Archiving millions of small files on S3 to S3 Glacier Deep Archive


I have about 80,000,000 50KB files on S3 (4TB), which I want to transfer to Glacier DA. I have come to realize there's a cost inefficiency in transferring a lot of small files to Glacier.

Assuming I don't mind archiving my files into a single (or multiple) tar/zips - what would be the best practice to transition those files to Glacier DA?

It is important to note that I only have these files on S3, and not on any local machine.


Solution

  • The most efficient way would be:

    • Launch an Amazon EC2 instance in the same region as the bucket. Choose an instance type with high-bandwidth networking (eg t3 family). Launch it with spot pricing because you can withstand the small chance that it is stopped. Assign plenty of EBS disk space. (Alternatively, you could choose a Storage Optimized instance since the disk space is included free, but the instance is more expensive. Your choice!)
    • Download a subset of the files to the instance using the AWS Command-Line Interface (CLI) by specifying a path (subdirectory) to copy.

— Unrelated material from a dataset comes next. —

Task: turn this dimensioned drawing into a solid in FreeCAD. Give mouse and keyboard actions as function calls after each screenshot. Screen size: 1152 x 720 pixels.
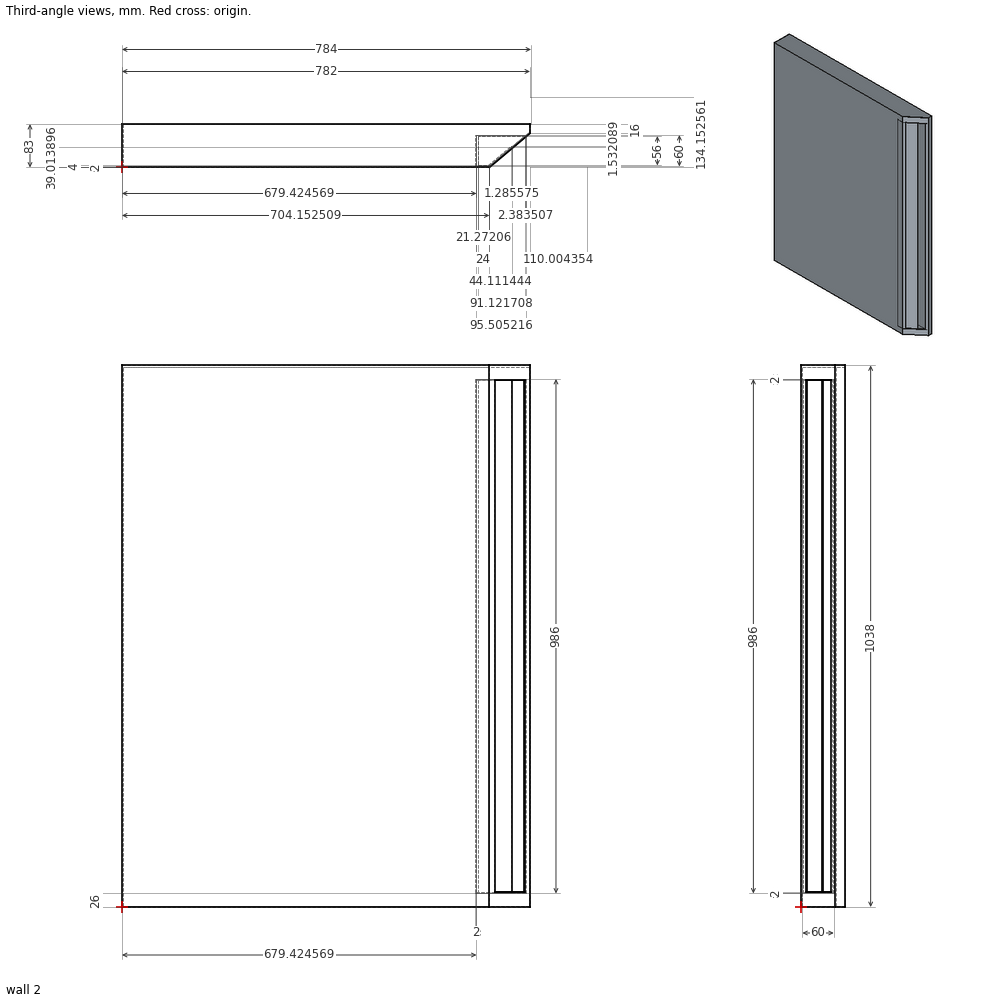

Don't try and do it all at once!
    • Zip/compress the files on the EC2 instance
    • Upload the compressed files to S3 using --storage-class DEEP_ARCHIVE
    • Check that everything seems good, and repeat for another subset!

    The above would incur very little charge since you can terminate the EC2 when it is no longer needed, and EBS is only charged while the volumes exist.

    If it takes too long to list a subset of the files, you might consider using Amazon S3 Inventory, which can provide a daily or weekly CSV file listing all objects. You can then use this list to specifically copy files, or identify a path/subdirectory to copy.

    As an extra piece of advice... if your system is continuing to collect even more files, you might consider collecting the data in a different way (eg streaming to Kinesis Firehose to batch data together), or combining the data on a regular basis rather than letting it creep up to so many files again. Fewer, larger files are much easier to use in processes if possible.